/---
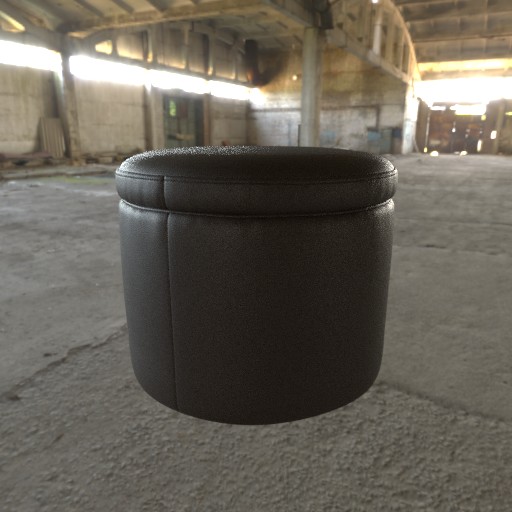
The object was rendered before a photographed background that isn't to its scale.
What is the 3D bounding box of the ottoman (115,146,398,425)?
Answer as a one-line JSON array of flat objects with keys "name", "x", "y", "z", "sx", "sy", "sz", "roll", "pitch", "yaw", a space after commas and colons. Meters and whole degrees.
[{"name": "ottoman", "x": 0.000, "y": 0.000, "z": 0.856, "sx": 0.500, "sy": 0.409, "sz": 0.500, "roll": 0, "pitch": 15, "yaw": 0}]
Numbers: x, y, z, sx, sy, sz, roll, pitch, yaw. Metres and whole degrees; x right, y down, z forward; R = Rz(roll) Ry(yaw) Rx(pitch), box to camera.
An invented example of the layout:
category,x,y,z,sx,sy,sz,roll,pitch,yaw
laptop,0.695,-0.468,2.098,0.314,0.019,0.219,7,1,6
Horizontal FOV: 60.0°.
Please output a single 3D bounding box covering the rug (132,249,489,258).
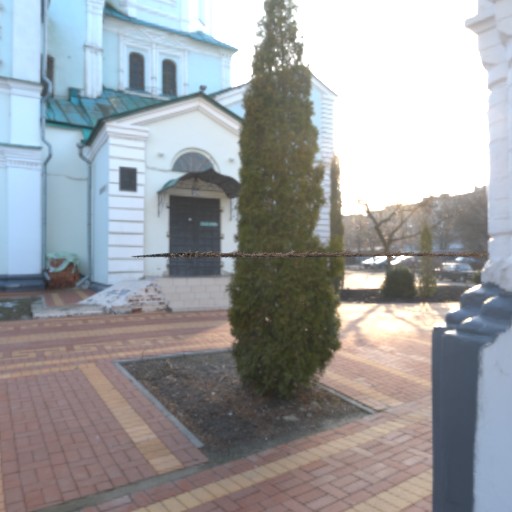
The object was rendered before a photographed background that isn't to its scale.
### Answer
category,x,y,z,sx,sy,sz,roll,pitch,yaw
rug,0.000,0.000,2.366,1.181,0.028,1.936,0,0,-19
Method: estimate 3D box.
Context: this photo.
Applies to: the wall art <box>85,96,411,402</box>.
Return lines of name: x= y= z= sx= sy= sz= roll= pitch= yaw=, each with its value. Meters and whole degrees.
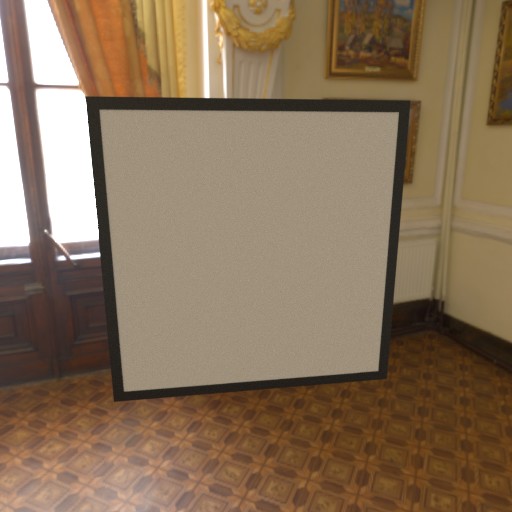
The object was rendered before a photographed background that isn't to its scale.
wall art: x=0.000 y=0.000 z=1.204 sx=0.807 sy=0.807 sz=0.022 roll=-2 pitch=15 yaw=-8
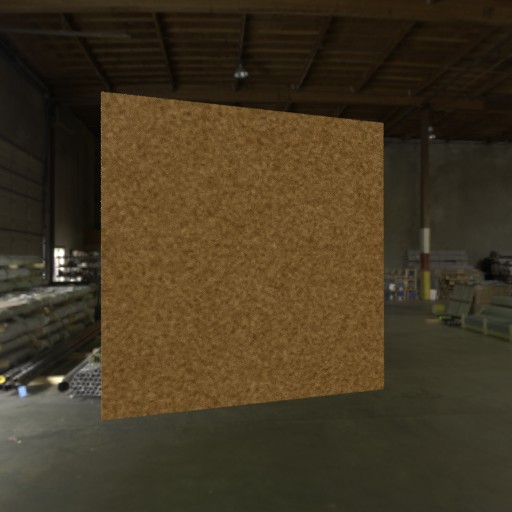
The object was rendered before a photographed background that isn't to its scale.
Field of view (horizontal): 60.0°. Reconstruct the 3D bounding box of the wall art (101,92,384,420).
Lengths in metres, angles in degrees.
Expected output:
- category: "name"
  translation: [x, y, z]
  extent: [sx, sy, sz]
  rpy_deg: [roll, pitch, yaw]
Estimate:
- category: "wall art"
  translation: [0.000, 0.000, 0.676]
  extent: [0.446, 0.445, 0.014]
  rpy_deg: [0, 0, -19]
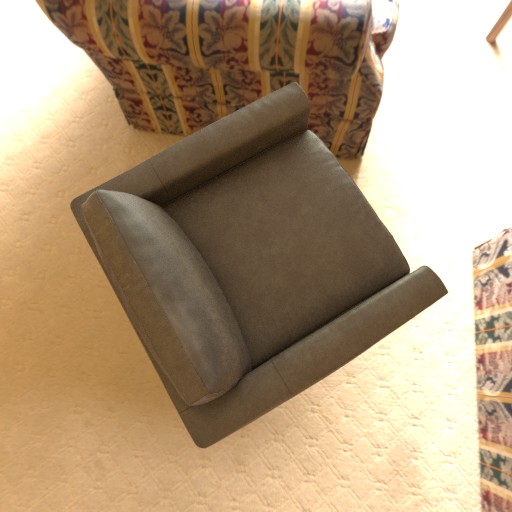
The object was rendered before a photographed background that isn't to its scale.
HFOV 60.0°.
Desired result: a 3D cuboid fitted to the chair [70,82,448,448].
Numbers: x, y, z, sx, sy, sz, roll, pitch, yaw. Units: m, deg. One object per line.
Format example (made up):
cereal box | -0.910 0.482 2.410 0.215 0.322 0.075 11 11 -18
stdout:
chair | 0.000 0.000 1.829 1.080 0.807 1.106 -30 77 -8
\---
- [ASSIGNMENT]: Take the material above from the line bearing "extent: [sx, sy, sz]" through the line bearing "object per line." and write it out exactly, both end lines included. Pictures stay out.

- [EXERCISE SOLUTION]:
  extent: [sx, sy, sz]
  rpy_deg: [roll, pitch, yaw]
Estimate:
- category: "wall art"
  translation: [0.000, 0.000, 0.676]
  extent: [0.446, 0.445, 0.014]
  rpy_deg: [0, 0, -19]
The object was rendered before a photographed background that isn't to its scale.
HFOV 60.0°.
Desired result: a 3D cuboid fitted to the chair [70,82,448,448].
Numbers: x, y, z, sx, sy, sz, roll, pitch, yaw. Units: m, deg. One object per line.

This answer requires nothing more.